The need for the Dutch iVF Registry was stated in our first report, in which we introduced the registry in the Netherlands Heart Journal [7]. With the registry we aim to (1) create a large cohort of patients with an initial iVF diagnosis, (2) focus on additional diagnostic testing (e.g. deformation echocardiography, cardiac magnetic resonance (CMR) and electrocardiographic imaging (ECGI)) to reveal a possible substrate, and (3) collect data on the long-term follow-up, including genetic testing, implantable cardioverter defibrillator (ICD) therapy and family screening.

Eligible patients are those with documented VF, cardiac arrest with a shockable rhythm, or sustained polymorphic ventricular tachycardia (VT), for which known cardiac, respiratory, metabolic and toxicological aetiologies are excluded, as defined by the latest consensus criteria [8]. Preferably, a specific diagnostic approach is followed before diagnosing a patient with iVF. A flowchart indicating which diagnostic tests should be performed at a minimum before diagnosing a patient with iVF is shown in Fig. 2; [1, 4]. If diagnostic test results reveal minor abnormalities, insufficient for a specific diagnosis, this is not an exclusion criterion. Before inclusion in the registry a minimum of 50% of the listed diagnostic tests need to be performed.

Diagnostic approach after a sudden cardiac arrest (SCA). Flowchart indicating all diagnostic tests that need to be performed before diagnosing a patient with idiopathic ventricular fibrillation (iVF). After first investigation with standard testing (electrical testing with an electrocardiogram (ECG) and imaging testing including both echocardiography and coronary imaging) a patient is considered an unexplained cardiac arrest survivor. After additional testing, the diagnosis of iVF can be made.
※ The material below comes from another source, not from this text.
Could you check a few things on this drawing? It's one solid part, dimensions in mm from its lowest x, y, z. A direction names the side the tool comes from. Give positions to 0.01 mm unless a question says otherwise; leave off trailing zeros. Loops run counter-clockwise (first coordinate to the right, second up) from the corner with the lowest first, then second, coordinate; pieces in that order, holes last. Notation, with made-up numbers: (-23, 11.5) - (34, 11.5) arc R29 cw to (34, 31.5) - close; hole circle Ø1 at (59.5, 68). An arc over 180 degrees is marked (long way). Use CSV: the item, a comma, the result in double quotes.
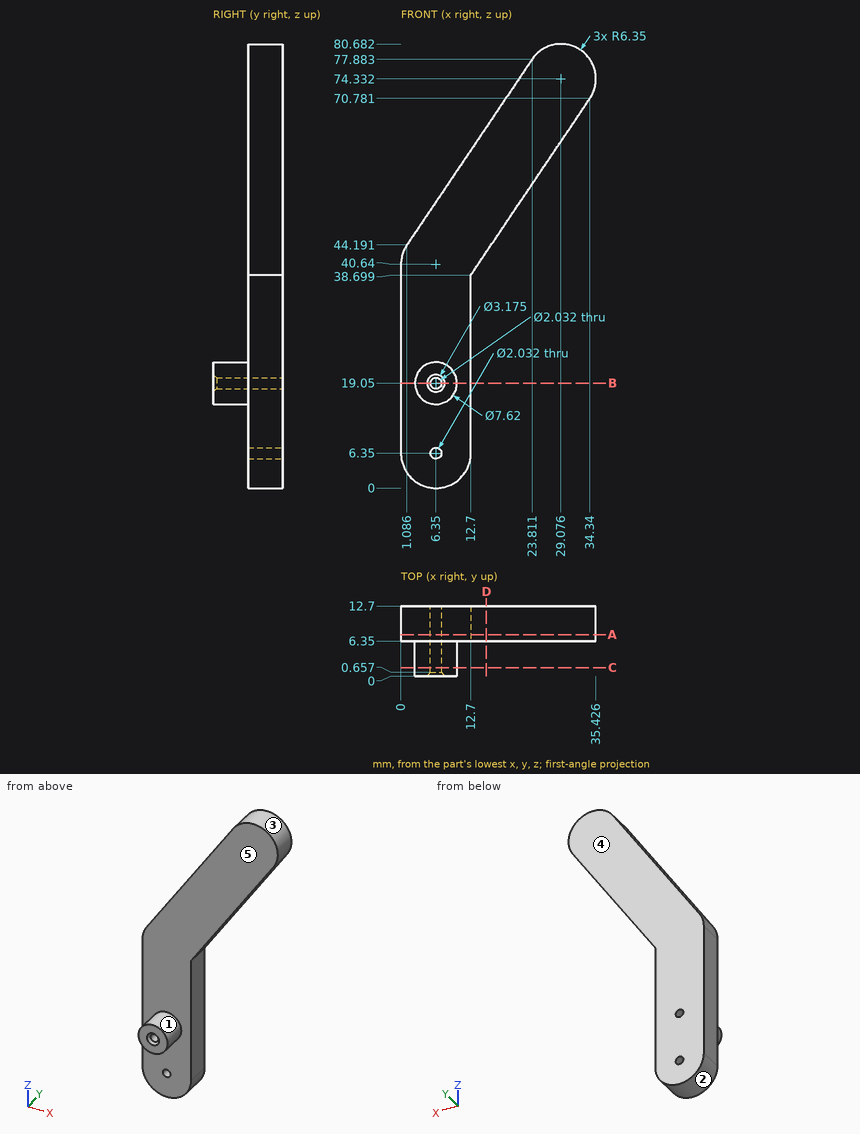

Adapted from Visser et al. [1], with permission from Wolters Kluwer Health, Inc

Data are collected from electronic health records both retrospectively and prospectively, following a standardised form using Castor EDC [9]. We obtain the following data: medical history, physical examination, laboratory testing (including toxicological screening), electrical testing (electrocardiogram (ECG), Holter monitoring, exercise treadmill test (ETT), electrophysiological study), imaging data (echocardiography, coronary imaging, CMR, cardiac computed tomography, positron emission tomography), provocation testing (sodium channel blocker provocation (SCBP), coronary artery spasm provocation), DNA analysis and endomyocardial biopsy results. We consider a diagnostic work-up optimal when an ECG, Holter/telemetry, ETT, echocardiography, CMR, coronary imaging and SCBP are performed. Based on the literature, high-yield diagnostic tests are an ETT, CMR and SCBP [5, 6]. During follow-up, we advise local physicians to complete the diagnostic work-up of iVF patients to reach the most optimal diagnostic work-up in all patients. Outcomes are collected at baseline and during follow-up. Outcomes include appropriate ICD therapy (antitachycardia pacing or shock), inappropriate ICD therapy, detection of a diagnosis, and death. We collect follow-up data every 1–2 years in each participating centre.

The Dutch iVF Registry is incorporated in the VIGILANCE consortium (CVON project). VIGILANCE is an acronym for ‘non-invasive electrocardiographic imaging for individuals at risk for apparently idiopathic ventricular fibrillation’, indicating the fundamental scientific role of ECGI in our research. ECGI enables the non-invasive measurement of the electrical activity at the level of the heart with the use of body surface ECGs and a specific heart-torso geometry [10].

For ECGI measurements and analysis, previously described methods were repeated [11]. In short, approximately184 electrodes were placed on the patient’s torso. Body surface potentials were recorded for 10–60 min. Cardiac computed tomography was used to acquire the heart geometry during end-diastole using intravenous iodine contrast; thoracic computed tomography was used for the positions of the body surface electrodes. This allowed the approximation of the electrostatic torso-heart relationship. Afterwards, for each subject, epicardial electrograms were non-invasively reconstructed for a sinus beat, and each morphologically distinguished premature ventricular contraction (PVC) when applicable. The activation time of each epicardial node was determined by the steepest downslope of the QRS complex; repolarisation time was determined by the steepest upslope of the T‑wave [12].